* Task to carry out:
Reproduce verbatim the final portion of the material below, from the line containing "Output: one line" through its last line, and nothing else.

....

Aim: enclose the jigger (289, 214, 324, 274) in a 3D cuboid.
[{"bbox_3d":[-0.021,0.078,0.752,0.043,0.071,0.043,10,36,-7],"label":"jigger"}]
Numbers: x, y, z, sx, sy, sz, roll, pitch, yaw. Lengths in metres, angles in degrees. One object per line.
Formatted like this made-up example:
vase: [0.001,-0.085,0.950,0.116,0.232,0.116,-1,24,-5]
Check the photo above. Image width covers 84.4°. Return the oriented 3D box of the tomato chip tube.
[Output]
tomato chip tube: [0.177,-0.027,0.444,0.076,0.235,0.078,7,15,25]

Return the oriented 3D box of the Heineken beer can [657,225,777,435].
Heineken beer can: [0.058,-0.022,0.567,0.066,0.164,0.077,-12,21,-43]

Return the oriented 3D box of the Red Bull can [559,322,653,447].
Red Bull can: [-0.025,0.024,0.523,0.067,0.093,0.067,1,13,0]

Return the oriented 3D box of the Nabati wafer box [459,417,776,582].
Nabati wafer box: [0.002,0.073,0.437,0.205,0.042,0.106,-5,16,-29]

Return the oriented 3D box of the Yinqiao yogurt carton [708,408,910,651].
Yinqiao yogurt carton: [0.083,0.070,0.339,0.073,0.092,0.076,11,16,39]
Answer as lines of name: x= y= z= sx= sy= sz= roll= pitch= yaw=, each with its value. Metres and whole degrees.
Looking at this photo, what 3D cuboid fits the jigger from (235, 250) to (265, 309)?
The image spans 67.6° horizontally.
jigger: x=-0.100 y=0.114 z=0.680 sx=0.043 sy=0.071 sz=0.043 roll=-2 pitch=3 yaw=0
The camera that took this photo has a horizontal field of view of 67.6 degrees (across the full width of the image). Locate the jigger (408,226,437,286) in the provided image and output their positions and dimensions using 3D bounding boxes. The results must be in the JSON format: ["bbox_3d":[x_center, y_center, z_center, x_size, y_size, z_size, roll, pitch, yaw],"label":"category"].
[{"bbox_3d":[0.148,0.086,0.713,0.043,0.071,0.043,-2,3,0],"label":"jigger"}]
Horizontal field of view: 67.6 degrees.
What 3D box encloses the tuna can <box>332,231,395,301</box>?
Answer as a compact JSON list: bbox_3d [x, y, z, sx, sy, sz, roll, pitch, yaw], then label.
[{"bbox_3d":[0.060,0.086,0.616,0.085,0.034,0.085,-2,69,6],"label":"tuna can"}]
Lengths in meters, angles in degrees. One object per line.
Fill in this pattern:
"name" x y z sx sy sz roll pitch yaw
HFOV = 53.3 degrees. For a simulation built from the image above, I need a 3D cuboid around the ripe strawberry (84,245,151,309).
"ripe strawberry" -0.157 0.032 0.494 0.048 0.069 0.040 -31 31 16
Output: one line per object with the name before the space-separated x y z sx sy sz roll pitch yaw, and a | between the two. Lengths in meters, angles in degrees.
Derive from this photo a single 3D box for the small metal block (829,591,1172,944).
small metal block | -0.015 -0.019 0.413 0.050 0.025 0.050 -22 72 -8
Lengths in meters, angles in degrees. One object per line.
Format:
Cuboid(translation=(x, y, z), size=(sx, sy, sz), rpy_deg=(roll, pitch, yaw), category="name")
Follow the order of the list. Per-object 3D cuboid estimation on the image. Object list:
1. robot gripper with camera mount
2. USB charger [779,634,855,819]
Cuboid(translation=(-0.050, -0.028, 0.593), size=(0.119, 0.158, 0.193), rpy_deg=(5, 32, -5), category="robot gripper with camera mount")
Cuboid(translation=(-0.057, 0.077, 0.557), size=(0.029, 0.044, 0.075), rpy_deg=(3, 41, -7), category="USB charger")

....

* Reply to the task:
Output: one line per object with the name before the space-separated x y z sx sy sz roll pitch yaw, and a | between the two. Lengths in meters, angles in degrees.
Derive from this photo a single 3D box for the small metal block (829,591,1172,944).
small metal block | -0.015 -0.019 0.413 0.050 0.025 0.050 -22 72 -8
Lengths in meters, angles in degrees. One object per line.
Format:
Cuboid(translation=(x, y, z), size=(sx, sy, sz), rpy_deg=(roll, pitch, yaw), category="name")
Follow the order of the list. Per-object 3D cuboid estimation on the image. Object list:
1. robot gripper with camera mount
2. USB charger [779,634,855,819]
Cuboid(translation=(-0.050, -0.028, 0.593), size=(0.119, 0.158, 0.193), rpy_deg=(5, 32, -5), category="robot gripper with camera mount")
Cuboid(translation=(-0.057, 0.077, 0.557), size=(0.029, 0.044, 0.075), rpy_deg=(3, 41, -7), category="USB charger")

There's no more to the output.